В рамках развернувшейся в 1923–1924 гг. дискуссии опоязовцами были вновь сформулированы сквозные для их подхода принципы построения науки о литературе, как и очерчены позиции их антагонистов в этой полемике — различных группировок «публицистической критики», «эпигонства <…> старой публицистики»[17]. «Иллюзия академического равновесия», «натиск эклектиков, канонизаторов, соглашателей и эпигонов», а также изменение характера и средств литературной и научной борьбы, зафиксированные Эйхенбаумом в его выступлениях 1924 г.[18], стимулировали теоретические разработки опоязовцами принципиальной для них проблематики соотношения внутри и внелитературных факторов в истолковании литературной динамики. Это воплотилось в программной статье Тынянова «Литературный факт» (1924).

Дальнейшее развитие обрисованной социально-фрагментарной и культурно-разнородной ситуации в сторону организованности заставило опоязовцев еще раз и наиболее развернуто пересмотреть исходное для них соотношение литературного и внелитературного, приема и быта, эволюции и генезиса. Сформулированное лидером группы ощущение обстановки как «реставраторской»[19] определило последние одновременные и уже все более расходящиеся друг с другом разработки ОПОЯЗа 1926–1928 гг., в которых оба плана литературного действия были вновь проблематизированы.

При этом импульс обращения к проблемным областям «труда» и «быта» состоял в поиске условий реализации многообразных и относительно автономных в этой своей конфликтности ценностей литературы, результатом же было все более отчетливое обнаружение контекстов их трансформации.
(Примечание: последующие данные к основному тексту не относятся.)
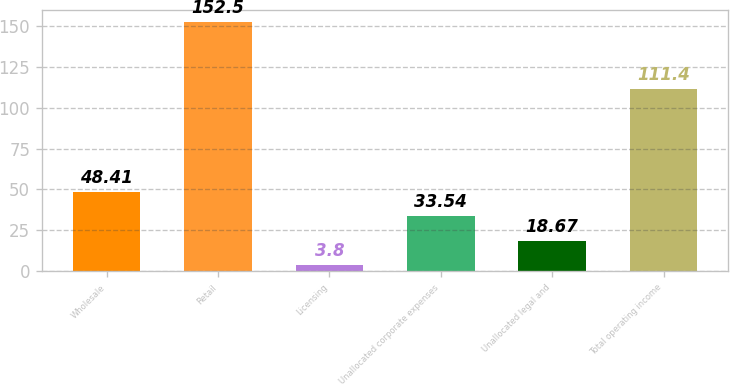Convert chart. <chart><loc_0><loc_0><loc_500><loc_500><bar_chart><fcel>Wholesale<fcel>Retail<fcel>Licensing<fcel>Unallocated corporate expenses<fcel>Unallocated legal and<fcel>Total operating income<nl><fcel>48.41<fcel>152.5<fcel>3.8<fcel>33.54<fcel>18.67<fcel>111.4<nl></chart>

В качестве решающей выдвигалась идея «независимости писателя»[20], обнаруживался же «целый ряд фактов зависимости литературы и самой ее эволюции от вне складывающихся условий»[21], «зазор в два шага»[22]. Опоязовцы отмечали кризис социальных условий существования литературы, их «синхронисты» — кризис ОПОЯЗа. Опоязовцы, меняя знаки прежней оценки, констатировали утрату устойчивых форм литературной жизни, их оппонент — «гипертрофию литературного быта» в близких к ним кругах[23].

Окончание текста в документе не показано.